Building unified visibility across entire ecosystems.

Background: Tasked with creating software that provides unified visibility across entire ecosystems, the technology division of an open-source community knew they needed to develop a common platform for all projects, including logs, metrics, and APM data. That, coupled with the need to support different operating systems, programming languages and architectures proved quite challenging for this team.

Goals: To standardize pipelines across all projects.

"Jenkins rocks because now we just build and test it. No hands! Simply push to GitHub and everything is magic." Ivan Fernandez Ivan Fernandez, Software Engineer

Solution & Results: First, we created a system that provided the ability to grab log metrics and APM data from user applications and environments at runtime, store it in our search database, and provide the ability to analyze that data with Kibana and ML. By standardizing the pipeline, we created a shared library that allows us to reuse common code across all of our projects. What’s great about this is that other software teams are reusing this development for their projects as well.**

To tackle our second challenge – different architectures – we used Jenkins.
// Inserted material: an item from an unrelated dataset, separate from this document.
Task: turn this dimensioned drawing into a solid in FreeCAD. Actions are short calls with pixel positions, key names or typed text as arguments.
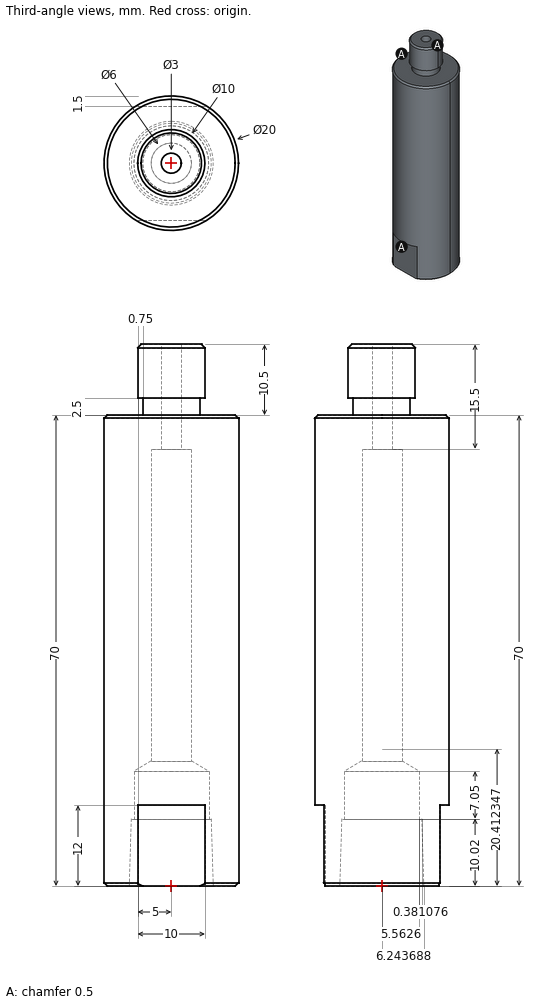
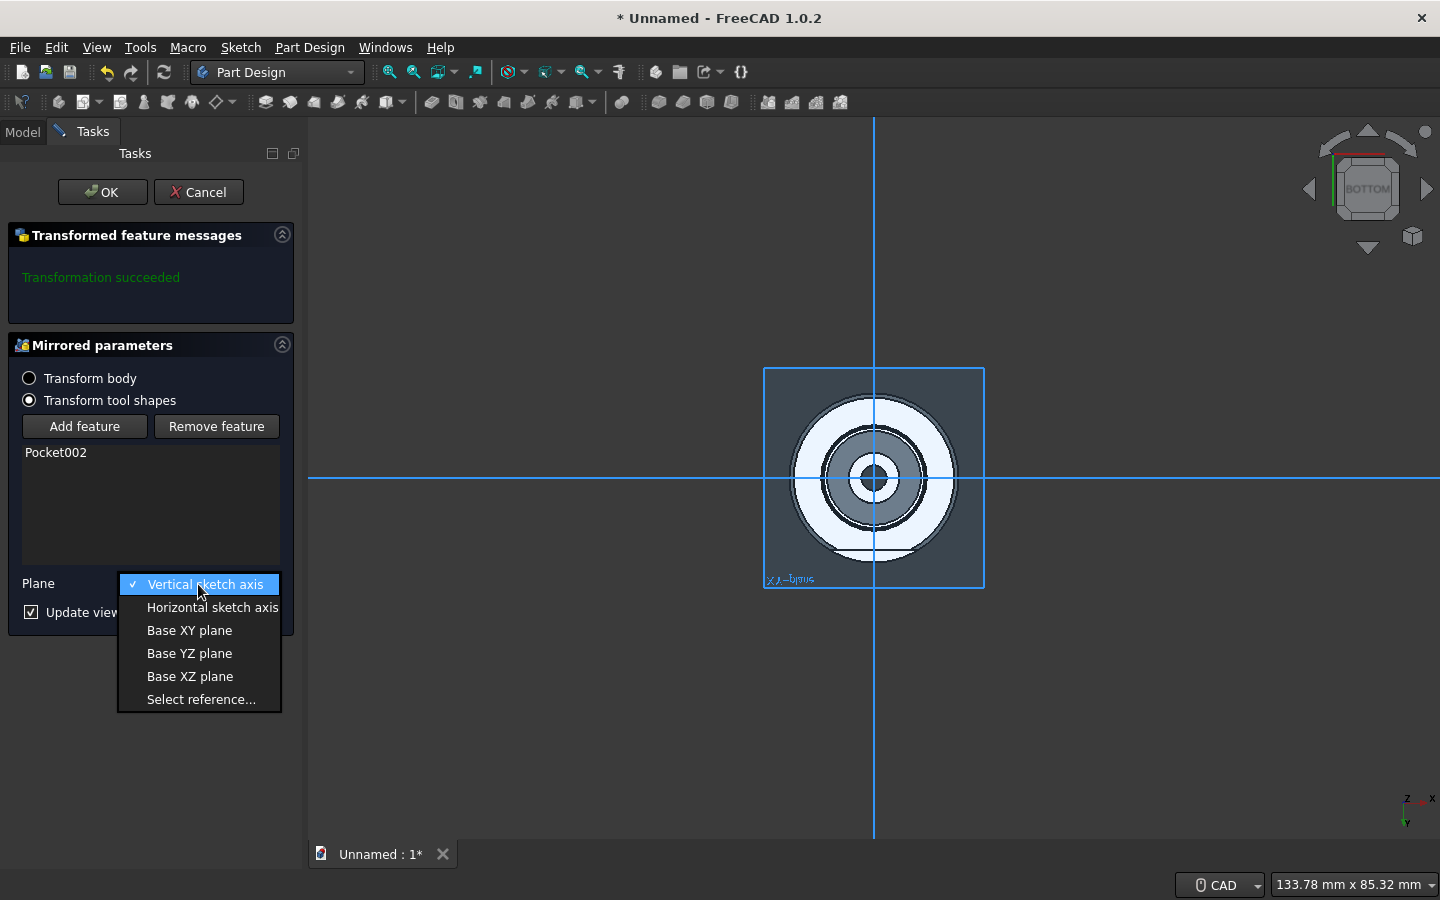
click(198, 676)

Because it supports any architecture with Java 8 support, it was easy to add Linux/Windows Agents in Google Cloud, Mac Agents on MacStadium, and ARMv8 Agents. Now we can test on four architectures and more than 20 different OS versions and types, with more to come in the future. **

The key capabilities we relied on Jenkins for were:

  • Portability to different OS and architectures: this makes it simple to launch our test on those OS and platforms.

  • Reusability of common pipeline steps across projects: our pipeline shared library saves us time.

  • Extensibility on pipelines: we have an encapsulated process on pipeline steps, making it easier to use.

  • Pipeline definition as code: every project has its pipeline in its repo.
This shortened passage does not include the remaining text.